Exercise requirements — The whole listing should be retyped word for word, apart from the pictures it holds.

Extracted entries —
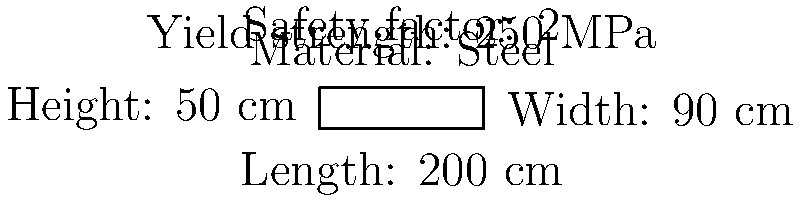As a nurse providing home care for an ailing parent, you need to ensure the safety of the hospital bed. Given the dimensions and material properties shown in the diagram, calculate the safe load capacity of the bed in kilograms (kg). Assume the bed frame is made of hollow square steel tubing with a cross-sectional area of 4 cm² and that the load is distributed evenly across the bed's surface. To calculate the safe load capacity of the hospital bed, we'll follow these steps:

1. Calculate the cross-sectional area of the bed frame:
   Given: Cross-sectional area = 4 cm² = 4 × 10⁻⁴ m²

2. Calculate the maximum allowable stress:
   Yield strength = 250 MPa
   Safety factor = 2
   Allowable stress = Yield strength ÷ Safety factor
   $\sigma_{allowable} = \frac{250 \text{ MPa}}{2} = 125 \text{ MPa}$

3. Calculate the maximum allowable force:
   $F_{max} = \sigma_{allowable} \times \text{Cross-sectional area}$
   $F_{max} = 125 \times 10^6 \text{ Pa} \times 4 \times 10^{-4} \text{ m}^2 = 50,000 \text{ N}$

4. Convert force to mass:
   $m = \frac{F}{g}$, where $g = 9.81 \text{ m/s}^2$
   $m = \frac{50,000 \text{ N}}{9.81 \text{ m/s}^2} \approx 5,096 \text{ kg}$

5. Round down to the nearest whole number for added safety:
   Safe load capacity = 5,096 kg

Therefore, the safe load capacity of the hospital bed is 5,096 kg.
Answer: 5,096 kg 
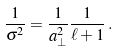<formula> <loc_0><loc_0><loc_500><loc_500>\frac { 1 } { \sigma ^ { 2 } } = \frac { 1 } { a _ { \perp } ^ { 2 } } \frac { 1 } { \ell + 1 } \, .</formula> 
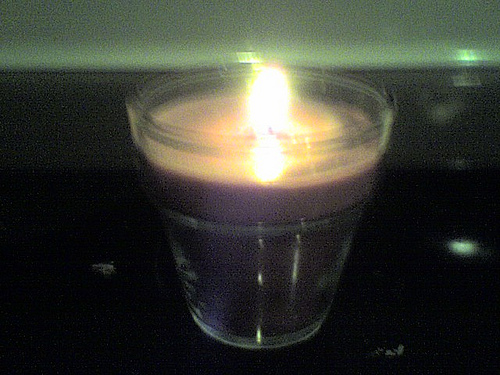<image>
Is the candle to the left of the fire? No. The candle is not to the left of the fire. From this viewpoint, they have a different horizontal relationship. Where is the light in relation to the glass? Is it in the glass? Yes. The light is contained within or inside the glass, showing a containment relationship. 
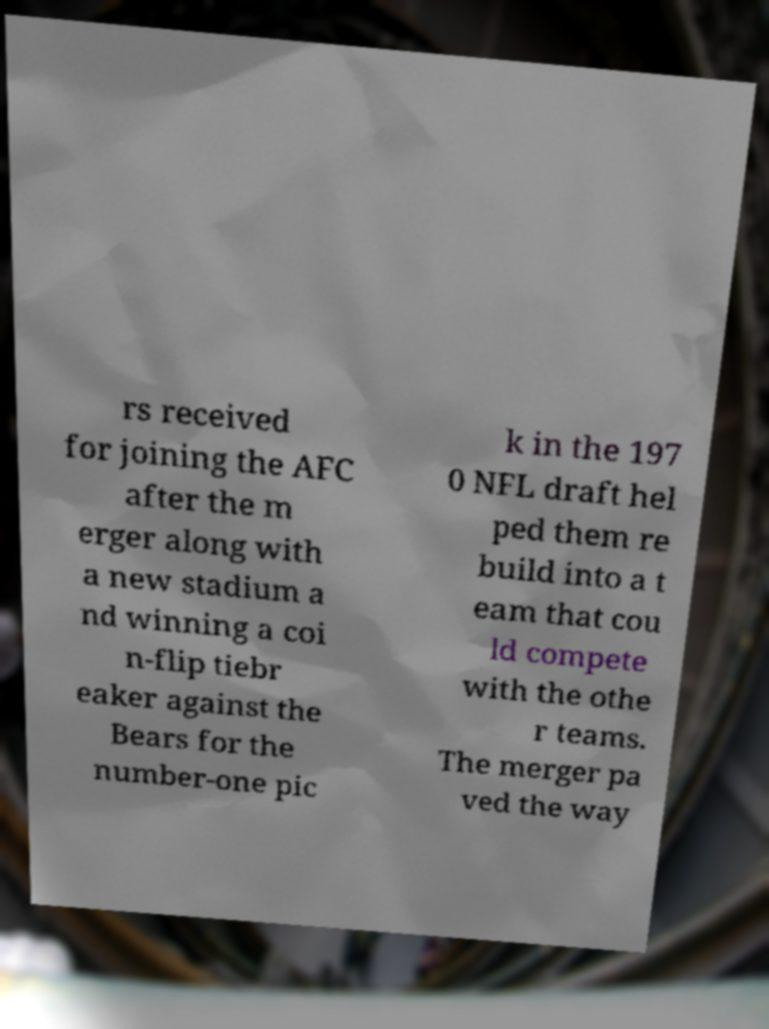What messages or text are displayed in this image? I need them in a readable, typed format. rs received for joining the AFC after the m erger along with a new stadium a nd winning a coi n-flip tiebr eaker against the Bears for the number-one pic k in the 197 0 NFL draft hel ped them re build into a t eam that cou ld compete with the othe r teams. The merger pa ved the way

Solved exercise —
As a nurse providing home care for an ailing parent, you need to ensure the safety of the hospital bed. Given the dimensions and material properties shown in the diagram, calculate the safe load capacity of the bed in kilograms (kg). Assume the bed frame is made of hollow square steel tubing with a cross-sectional area of 4 cm² and that the load is distributed evenly across the bed's surface. To calculate the safe load capacity of the hospital bed, we'll follow these steps:

1. Calculate the cross-sectional area of the bed frame:
   Given: Cross-sectional area = 4 cm² = 4 × 10⁻⁴ m²

2. Calculate the maximum allowable stress:
   Yield strength = 250 MPa
   Safety factor = 2
   Allowable stress = Yield strength ÷ Safety factor
   $\sigma_{allowable} = \frac{250 \text{ MPa}}{2} = 125 \text{ MPa}$

3. Calculate the maximum allowable force:
   $F_{max} = \sigma_{allowable} \times \text{Cross-sectional area}$
   $F_{max} = 125 \times 10^6 \text{ Pa} \times 4 \times 10^{-4} \text{ m}^2 = 50,000 \text{ N}$

4. Convert force to mass:
   $m = \frac{F}{g}$, where $g = 9.81 \text{ m/s}^2$
   $m = \frac{50,000 \text{ N}}{9.81 \text{ m/s}^2} \approx 5,096 \text{ kg}$

5. Round down to the nearest whole number for added safety:
   Safe load capacity = 5,096 kg

Therefore, the safe load capacity of the hospital bed is 5,096 kg.
Answer: 5,096 kg 
<formula> <loc_0><loc_0><loc_500><loc_500>\frac { 1 } { \sigma ^ { 2 } } = \frac { 1 } { a _ { \perp } ^ { 2 } } \frac { 1 } { \ell + 1 } \, .</formula> 
<image>
Is the candle to the left of the fire? No. The candle is not to the left of the fire. From this viewpoint, they have a different horizontal relationship. Where is the light in relation to the glass? Is it in the glass? Yes. The light is contained within or inside the glass, showing a containment relationship. 
What messages or text are displayed in this image? I need them in a readable, typed format. rs received for joining the AFC after the m erger along with a new stadium a nd winning a coi n-flip tiebr eaker against the Bears for the number-one pic k in the 197 0 NFL draft hel ped them re build into a t eam that cou ld compete with the othe r teams. The merger pa ved the way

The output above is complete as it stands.